In short, student loans can affect your credit just like any other loans — if you pay on time, they can help improve your score. However, if you’re late on your payments or don’t make payments at all, they could end up doing some real damage to your financial future. But it’s no accident that, in 2022, the amount of student debt in the United States has soared to nearly $1.75 trillion.

Put simply, a credit score is a numerical representation of how likely you are to pay your bills and debts. The more consistent you are with paying off your bills and debts, the higher your credit score will be. Conversely, the less consistent you are with paying off those bills and debts — say, you have a few (or more than a few) late or missed payments — the lower your score will be. This three digit number, which typically ranges from 300 on the low end to 850 on the very highest end, is used to determine your eligibility for mortgage and vehicle loans, credit cards, homeownership, interest rates, and more.

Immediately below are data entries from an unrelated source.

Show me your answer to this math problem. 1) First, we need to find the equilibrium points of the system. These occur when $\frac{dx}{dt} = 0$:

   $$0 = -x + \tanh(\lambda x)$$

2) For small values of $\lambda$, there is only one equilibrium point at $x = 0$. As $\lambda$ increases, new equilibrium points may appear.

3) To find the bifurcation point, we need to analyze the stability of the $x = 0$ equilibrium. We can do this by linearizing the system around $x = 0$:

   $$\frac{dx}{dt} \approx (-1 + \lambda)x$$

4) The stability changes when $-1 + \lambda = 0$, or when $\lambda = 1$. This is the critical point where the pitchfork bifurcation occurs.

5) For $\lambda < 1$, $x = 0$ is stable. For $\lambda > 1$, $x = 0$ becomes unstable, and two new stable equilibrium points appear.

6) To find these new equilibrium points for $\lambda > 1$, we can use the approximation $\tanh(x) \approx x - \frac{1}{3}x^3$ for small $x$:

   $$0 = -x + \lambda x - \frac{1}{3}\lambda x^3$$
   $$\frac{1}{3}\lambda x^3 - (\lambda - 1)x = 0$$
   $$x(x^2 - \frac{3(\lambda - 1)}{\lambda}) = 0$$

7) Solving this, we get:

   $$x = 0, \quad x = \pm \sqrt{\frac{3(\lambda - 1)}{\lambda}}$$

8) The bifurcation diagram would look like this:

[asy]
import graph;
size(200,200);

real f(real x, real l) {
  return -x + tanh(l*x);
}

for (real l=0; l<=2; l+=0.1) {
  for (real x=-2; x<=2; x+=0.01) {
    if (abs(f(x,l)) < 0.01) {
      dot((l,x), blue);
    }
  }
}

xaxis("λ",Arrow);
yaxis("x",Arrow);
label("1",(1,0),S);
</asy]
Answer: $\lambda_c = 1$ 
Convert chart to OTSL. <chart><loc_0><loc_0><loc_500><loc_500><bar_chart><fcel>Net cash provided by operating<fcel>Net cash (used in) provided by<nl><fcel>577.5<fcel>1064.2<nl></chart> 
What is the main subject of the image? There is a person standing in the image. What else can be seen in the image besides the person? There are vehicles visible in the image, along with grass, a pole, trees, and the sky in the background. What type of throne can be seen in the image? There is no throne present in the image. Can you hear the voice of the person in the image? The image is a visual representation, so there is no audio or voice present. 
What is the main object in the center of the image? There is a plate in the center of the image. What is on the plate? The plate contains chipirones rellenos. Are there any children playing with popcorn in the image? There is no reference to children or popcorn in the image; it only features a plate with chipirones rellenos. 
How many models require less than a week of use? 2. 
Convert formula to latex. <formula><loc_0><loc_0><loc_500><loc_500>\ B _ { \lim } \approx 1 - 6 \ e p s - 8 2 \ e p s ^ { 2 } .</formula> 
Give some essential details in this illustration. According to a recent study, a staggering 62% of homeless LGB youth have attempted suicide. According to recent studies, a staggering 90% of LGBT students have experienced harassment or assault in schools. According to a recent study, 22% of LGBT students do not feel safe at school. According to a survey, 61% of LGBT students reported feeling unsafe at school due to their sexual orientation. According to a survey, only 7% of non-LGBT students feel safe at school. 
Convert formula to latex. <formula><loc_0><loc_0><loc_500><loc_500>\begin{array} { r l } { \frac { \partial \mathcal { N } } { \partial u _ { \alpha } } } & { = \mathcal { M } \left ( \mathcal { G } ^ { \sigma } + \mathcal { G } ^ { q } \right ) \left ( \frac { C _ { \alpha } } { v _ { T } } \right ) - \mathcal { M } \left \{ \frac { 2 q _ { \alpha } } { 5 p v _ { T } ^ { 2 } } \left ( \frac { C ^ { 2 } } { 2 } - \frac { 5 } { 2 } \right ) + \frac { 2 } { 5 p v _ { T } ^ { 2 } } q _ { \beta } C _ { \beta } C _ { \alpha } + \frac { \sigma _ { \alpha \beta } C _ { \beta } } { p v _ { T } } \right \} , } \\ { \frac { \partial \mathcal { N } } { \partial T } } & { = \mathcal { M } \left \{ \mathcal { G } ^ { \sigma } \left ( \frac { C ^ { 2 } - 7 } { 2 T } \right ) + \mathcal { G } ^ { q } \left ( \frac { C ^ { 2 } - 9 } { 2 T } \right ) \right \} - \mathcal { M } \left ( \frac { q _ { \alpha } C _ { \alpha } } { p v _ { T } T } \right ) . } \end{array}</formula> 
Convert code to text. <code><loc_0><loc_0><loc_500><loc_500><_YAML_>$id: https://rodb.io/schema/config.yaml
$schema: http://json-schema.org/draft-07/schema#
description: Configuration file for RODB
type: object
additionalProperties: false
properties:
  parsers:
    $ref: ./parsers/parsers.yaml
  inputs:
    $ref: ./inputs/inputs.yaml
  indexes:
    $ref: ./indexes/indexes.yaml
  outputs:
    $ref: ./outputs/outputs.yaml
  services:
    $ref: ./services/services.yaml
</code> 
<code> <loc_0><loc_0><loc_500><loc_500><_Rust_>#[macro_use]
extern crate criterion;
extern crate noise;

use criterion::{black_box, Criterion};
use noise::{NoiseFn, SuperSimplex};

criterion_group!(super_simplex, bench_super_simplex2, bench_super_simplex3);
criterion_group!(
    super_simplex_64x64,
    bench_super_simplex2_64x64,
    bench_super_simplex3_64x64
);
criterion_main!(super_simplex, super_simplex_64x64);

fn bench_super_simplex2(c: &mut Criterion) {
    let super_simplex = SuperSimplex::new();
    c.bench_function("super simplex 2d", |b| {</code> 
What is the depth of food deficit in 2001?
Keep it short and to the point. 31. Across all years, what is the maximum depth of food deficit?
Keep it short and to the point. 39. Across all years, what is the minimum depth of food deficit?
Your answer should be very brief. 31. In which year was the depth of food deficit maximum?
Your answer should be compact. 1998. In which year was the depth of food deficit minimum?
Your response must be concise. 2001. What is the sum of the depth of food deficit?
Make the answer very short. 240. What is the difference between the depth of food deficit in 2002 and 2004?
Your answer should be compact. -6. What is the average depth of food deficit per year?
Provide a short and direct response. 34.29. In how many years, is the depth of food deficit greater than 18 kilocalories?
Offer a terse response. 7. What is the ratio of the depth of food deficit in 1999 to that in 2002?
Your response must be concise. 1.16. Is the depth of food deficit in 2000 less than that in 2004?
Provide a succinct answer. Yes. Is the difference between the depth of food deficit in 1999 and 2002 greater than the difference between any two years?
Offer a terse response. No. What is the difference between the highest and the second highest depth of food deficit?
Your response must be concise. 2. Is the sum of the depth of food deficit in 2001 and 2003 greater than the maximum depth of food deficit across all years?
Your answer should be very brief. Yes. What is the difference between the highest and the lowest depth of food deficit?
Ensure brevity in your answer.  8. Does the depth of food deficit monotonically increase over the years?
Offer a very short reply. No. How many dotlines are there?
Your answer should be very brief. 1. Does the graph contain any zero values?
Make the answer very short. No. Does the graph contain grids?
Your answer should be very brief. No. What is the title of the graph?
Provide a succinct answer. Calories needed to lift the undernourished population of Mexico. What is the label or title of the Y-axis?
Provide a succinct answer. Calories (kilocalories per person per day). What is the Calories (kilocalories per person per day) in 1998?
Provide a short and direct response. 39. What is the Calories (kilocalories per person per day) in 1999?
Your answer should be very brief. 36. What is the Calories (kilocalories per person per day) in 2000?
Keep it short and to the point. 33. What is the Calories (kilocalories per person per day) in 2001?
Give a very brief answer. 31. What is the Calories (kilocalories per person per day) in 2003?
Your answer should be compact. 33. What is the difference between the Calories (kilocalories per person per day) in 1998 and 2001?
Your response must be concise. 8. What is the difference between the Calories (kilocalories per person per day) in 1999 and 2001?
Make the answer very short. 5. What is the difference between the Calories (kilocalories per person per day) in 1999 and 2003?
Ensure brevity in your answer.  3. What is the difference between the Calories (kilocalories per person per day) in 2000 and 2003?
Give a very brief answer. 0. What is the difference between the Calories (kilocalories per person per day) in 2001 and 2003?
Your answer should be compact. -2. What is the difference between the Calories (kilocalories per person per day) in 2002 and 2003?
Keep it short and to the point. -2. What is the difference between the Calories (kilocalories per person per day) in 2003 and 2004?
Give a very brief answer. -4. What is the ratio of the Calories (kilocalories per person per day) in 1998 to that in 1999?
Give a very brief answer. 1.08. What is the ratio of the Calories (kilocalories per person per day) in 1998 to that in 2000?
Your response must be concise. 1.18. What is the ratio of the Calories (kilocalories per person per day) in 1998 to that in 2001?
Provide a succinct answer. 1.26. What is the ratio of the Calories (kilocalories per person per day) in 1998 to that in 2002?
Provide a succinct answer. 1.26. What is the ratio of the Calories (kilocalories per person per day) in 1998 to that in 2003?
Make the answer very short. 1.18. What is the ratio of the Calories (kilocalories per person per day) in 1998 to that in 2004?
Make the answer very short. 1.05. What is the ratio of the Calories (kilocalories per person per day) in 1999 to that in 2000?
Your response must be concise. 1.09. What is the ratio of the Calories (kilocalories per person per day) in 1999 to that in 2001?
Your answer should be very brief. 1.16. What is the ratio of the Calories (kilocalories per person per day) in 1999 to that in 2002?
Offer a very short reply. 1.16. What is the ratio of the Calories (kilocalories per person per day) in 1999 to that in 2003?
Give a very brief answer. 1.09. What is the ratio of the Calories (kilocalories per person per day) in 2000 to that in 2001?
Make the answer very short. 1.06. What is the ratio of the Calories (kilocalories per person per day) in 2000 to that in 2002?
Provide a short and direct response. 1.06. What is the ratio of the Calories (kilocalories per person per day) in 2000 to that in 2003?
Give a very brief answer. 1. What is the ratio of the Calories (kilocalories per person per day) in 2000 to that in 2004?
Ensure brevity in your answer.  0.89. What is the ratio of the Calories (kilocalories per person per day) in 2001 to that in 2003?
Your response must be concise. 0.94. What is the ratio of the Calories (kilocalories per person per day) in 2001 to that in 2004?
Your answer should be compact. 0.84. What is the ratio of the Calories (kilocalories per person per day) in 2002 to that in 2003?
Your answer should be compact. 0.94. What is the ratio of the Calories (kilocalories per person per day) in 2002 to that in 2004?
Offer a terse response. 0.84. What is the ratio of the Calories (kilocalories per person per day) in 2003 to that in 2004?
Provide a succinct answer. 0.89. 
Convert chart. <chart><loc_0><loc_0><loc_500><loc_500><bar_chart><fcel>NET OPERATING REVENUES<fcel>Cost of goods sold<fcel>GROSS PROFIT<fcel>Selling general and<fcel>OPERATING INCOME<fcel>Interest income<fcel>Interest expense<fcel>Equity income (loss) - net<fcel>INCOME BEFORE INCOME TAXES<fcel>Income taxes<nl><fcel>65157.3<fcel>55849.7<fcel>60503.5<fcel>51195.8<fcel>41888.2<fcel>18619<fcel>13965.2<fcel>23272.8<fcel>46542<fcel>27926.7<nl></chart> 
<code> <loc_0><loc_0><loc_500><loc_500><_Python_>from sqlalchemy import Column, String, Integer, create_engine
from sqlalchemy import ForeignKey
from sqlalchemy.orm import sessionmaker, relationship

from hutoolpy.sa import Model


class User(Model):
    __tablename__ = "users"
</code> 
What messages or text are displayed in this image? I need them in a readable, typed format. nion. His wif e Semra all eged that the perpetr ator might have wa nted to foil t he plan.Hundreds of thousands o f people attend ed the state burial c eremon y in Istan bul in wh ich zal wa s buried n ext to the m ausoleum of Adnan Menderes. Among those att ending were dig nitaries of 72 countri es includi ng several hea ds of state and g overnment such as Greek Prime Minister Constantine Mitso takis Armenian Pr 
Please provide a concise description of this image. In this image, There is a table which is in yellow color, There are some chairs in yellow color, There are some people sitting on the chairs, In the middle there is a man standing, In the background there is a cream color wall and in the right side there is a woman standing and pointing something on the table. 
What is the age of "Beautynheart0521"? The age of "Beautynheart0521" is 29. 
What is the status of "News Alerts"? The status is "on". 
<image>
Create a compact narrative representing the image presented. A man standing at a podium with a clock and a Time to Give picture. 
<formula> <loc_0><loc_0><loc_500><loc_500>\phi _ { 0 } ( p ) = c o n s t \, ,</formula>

As of 2022, an estimated 46 million Americans have student loans, with an average debt of $28,400 for bachelor’s degrees alone, according to Student Loan Hero. And before debt payments were halted due to the coronavirus pandemic, some 11% of borrowers — or around 5,060,000 — were either 90 days late on payments, or in default on their loans.

Bonnie Latreille, the director of research and advocacy at the Student Borrower Protection Center (SBPC), told Elite Daily in May 2021 that people are saddled with debt as a result of policy decisions made at both the state and federal level. “States have pulled away from funding higher education,” she says. “If you don’t come from a family that is independently wealthy,” she adds, “your choices [are], take out student loans, or don’t go to school.”

“If you take out federal student loans, you have a lot of protections in terms of how you can repay your debt and what options are available to you,” Latreille says. “But private student loans don’t have those protections,” she adds. “The terms are so predatory,” students who borrow from private companies can end up paying for these loans for the rest of their lives, and they often go into default — which can do some serious damage to credit scores. “These companies have really high-cost loans” that are “designed to fail,” she says.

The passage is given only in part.